It does if you want to fundamentally change America...what better way than by war. It leaves the elites with everything (because they have bunkers) while we slowly melt and vomit our way to death.

----------


## Kodiak

Still makes no sense to me that they prefer to live in a cave, while the rest of the world burns.  Either way, it's some scary shit to think about.

----------

Montana (11-26-2015)

----------


## Coolwalker

> Still makes no sense to me that they prefer to live in a cave, while the rest of the world burns.  Either way, it's some scary shit to think about.

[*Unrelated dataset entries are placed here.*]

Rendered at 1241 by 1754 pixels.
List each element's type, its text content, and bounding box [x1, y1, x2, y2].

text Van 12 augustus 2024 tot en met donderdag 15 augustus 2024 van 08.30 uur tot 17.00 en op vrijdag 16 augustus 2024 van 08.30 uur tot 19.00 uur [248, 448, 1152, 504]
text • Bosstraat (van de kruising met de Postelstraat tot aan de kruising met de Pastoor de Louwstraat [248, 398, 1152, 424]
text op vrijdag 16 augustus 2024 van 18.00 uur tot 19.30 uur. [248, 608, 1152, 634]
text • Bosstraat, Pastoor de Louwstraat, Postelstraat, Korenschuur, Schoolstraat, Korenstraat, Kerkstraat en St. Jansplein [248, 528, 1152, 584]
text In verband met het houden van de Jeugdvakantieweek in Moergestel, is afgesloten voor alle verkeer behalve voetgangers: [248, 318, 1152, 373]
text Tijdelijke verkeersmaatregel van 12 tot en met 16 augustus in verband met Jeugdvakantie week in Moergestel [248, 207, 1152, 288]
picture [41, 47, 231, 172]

It's why God allowed man to invent bourbon @Kodiak !

----------

Kodiak (11-25-2015)

----------


## Kodiak

lol, or at least Bud Light in my case.   :Cheers:

----------

Coolwalker (11-25-2015)

----------


## michaelr

> Pardon my ignorance, but it just makes absolutely no sense to incite a war after gutting our military of funding and it's best high ranking officers.  Then replace them with gays and women.  Maybe you understand this guy better than I do.


He has nukes, and his ilk's worse and scary comment is ''what good are nukes if we can't use them''.

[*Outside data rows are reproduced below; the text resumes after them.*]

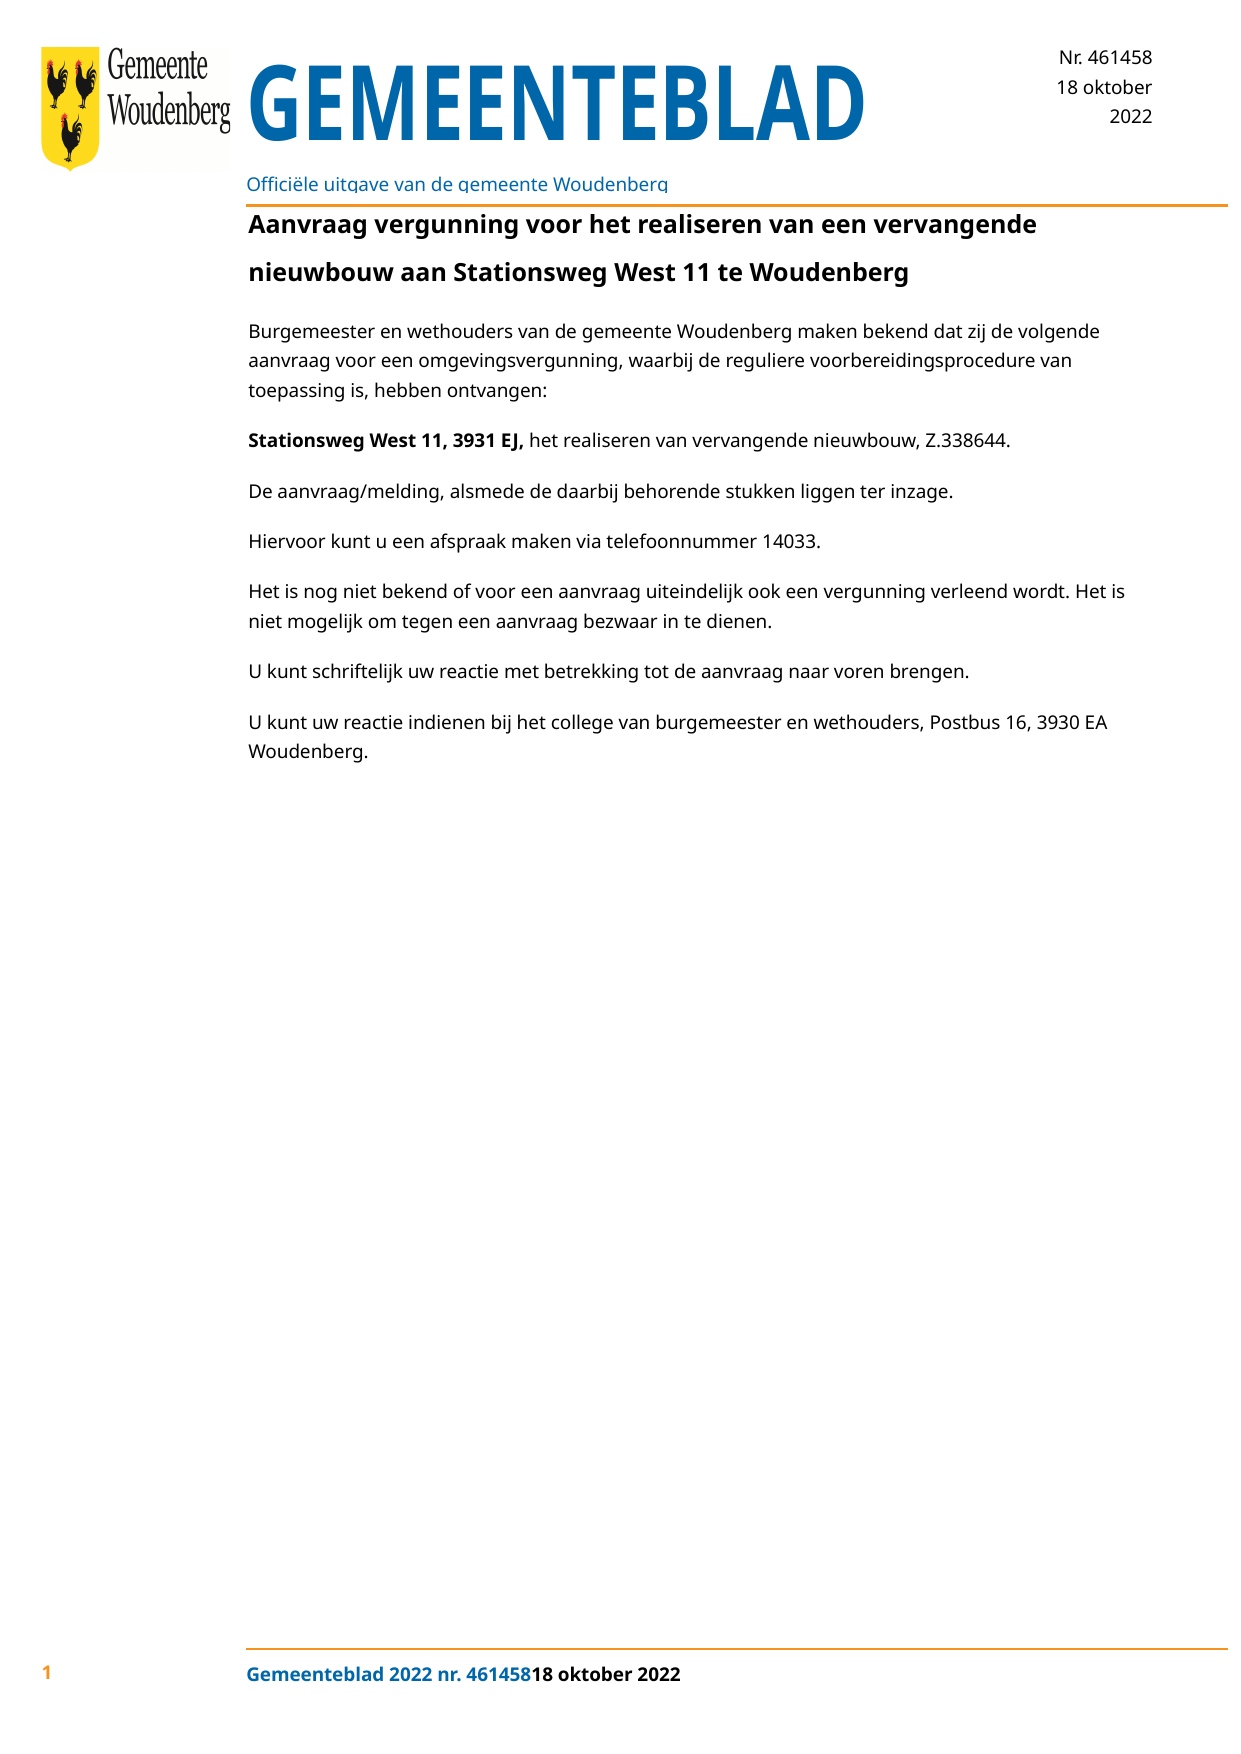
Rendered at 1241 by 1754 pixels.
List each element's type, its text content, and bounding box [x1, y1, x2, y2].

text U kunt schriftelijk uw reactie met betrekking tot de aanvraag naar voren brengen. [248, 659, 1152, 684]
text Stationsweg West 11, 3931 EJ, het realiseren van vervangende nieuwbouw, Z.338644. [248, 427, 1152, 453]
text U kunt uw reactie indienen bij het college van burgemeester en wethouders, Postbus 16, 3930 EA Woudenberg. [248, 709, 1152, 764]
text Het is nog niet bekend of voor een aanvraag uiteindelijk ook een vergunning verleend wordt. Het is niet mogelijk om tegen een aanvraag bezwaar in te dienen. [248, 579, 1152, 634]
picture [41, 47, 231, 172]
text De aanvraag/melding, alsmede de daarbij behorende stukken liggen ter inzage. [248, 478, 1152, 504]
text Burgemeester en wethouders van de gemeente Woudenberg maken bekend dat zij de volgende aanvraag voor een omgevingsvergunning, waarbij de reguliere voorbereidingsprocedure van toepassing is, hebben ontvangen: [248, 318, 1152, 403]
text Aanvraag vergunning voor het realiseren van een vervangende nieuwbouw aan Stationsweg West 11 te Woudenberg [248, 207, 1152, 288]
text Hiervoor kunt u een afspraak maken via telefoonnummer 14033. [248, 528, 1152, 554]

Obama's plans includes and economic and monetary reset. He needs a major war for that.

----------


## Jehoshaphat

Don't worry obamo will save the day.  Remember he told us that the only thing to worry about was global warming, ahhhh or is that climate change, well something like that.  He wouldn't lie to us...would he?

----------


## Roadmaster

> He has nukes, and his ilk's worse and scary comment is ''what good are nukes if we can't use them''.
> 
> Obama's plans includes and economic and monetary reset. He needs a major war for that.


 When we hear New World order, we are not thinking like what the Bible said or understand what it is when Obama, Bush, Hillary ect mean when they say it. To them it's a good thing. It means one country over all. One only superpower. Right now America pretty much rules over all but we are not the only superpower or threat. You have to understand because this sits on many waters, and the goal. We are the only country that has many bases in other countries. Put the pieces together.

----------


## michaelr

> When we hear New World order, we are not thinking like what the Bible said or understand what it is when Obama, Bush, Hillary ect mean when they say it. To them it's a good thing. It means one country over all. One only superpower. Right now America pretty much rules over all but we are not the only superpower or threat. You have to understand because this sits on many waters, and the goal. We are the only country that has many bases in other countries. Put the pieces together.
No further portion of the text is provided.